His father, Elmo, a huge St. Bernard, had been the Judge’s inseparable companion, and Buck bid fair to follow in the way of his father. He was not so large,-he weighed only one hundred and forty pounds,-for his mother, Shep, had been a Scotch shepherd dog. Nevertheless, one hundred and forty pounds, to which was added the dignity that comes of good living and universal respect, enabled him to carry himself in right royal fashion. During the four years since his puppyhood he had lived the life of a sated aristocrat; he had a fine pride in himself, was even a trifle egotistical, as country gentlemen sometimes become because of their insular situation. But he had saved himself by not becoming a mere pampered house-dog. Hunting and kindred outdoor delights had kept down the fat and hardened his muscles; and to him, as to the cold-tubbing races, the love of water had been a tonic and a health preserver.

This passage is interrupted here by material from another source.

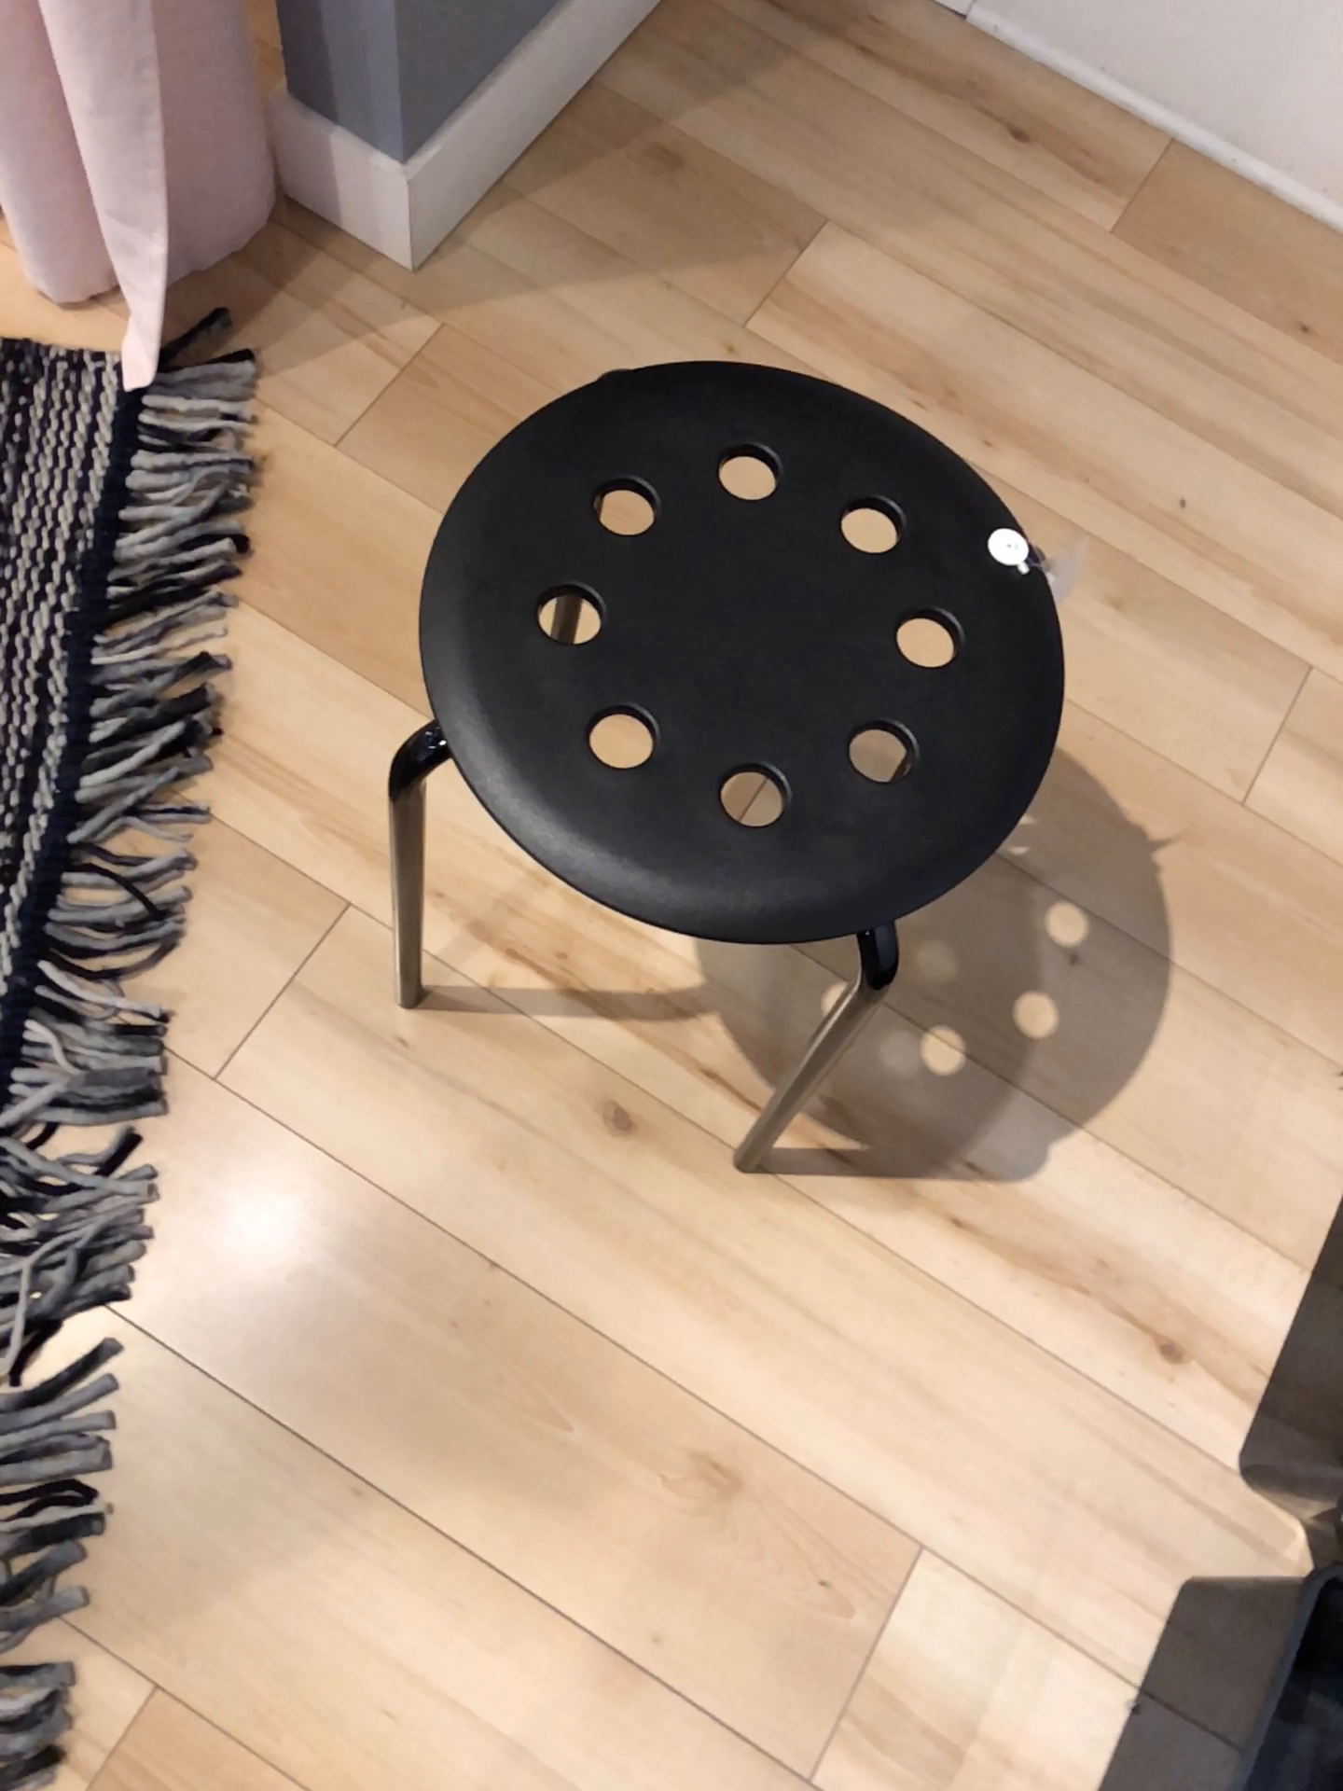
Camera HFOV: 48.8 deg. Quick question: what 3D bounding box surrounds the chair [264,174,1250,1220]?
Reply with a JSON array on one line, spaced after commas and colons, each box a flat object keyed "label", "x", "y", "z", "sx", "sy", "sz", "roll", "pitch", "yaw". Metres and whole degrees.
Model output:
[{"label": "chair", "x": 0.037, "y": -0.082, "z": 0.909, "sx": 0.370, "sy": 0.400, "sz": 0.380, "roll": 25, "pitch": 69, "yaw": 1}]

And this was the manner of dog Buck was in the fall of 1897, when the Klondike strike dragged men from all the world into the frozen North. But Buck did not read the newspapers, and he did not know that Manuel, one of the gardener’s helpers, was an undesirable acquaintance. Manuel had one besetting sin. He loved to play Chinese lottery. Also, in his gambling, he had one besetting weakness-faith in a system; and this made his damnation certain. For to play a system requires money, while the wages of a gardener’s helper do not lap over the needs of a wife and numerous progeny.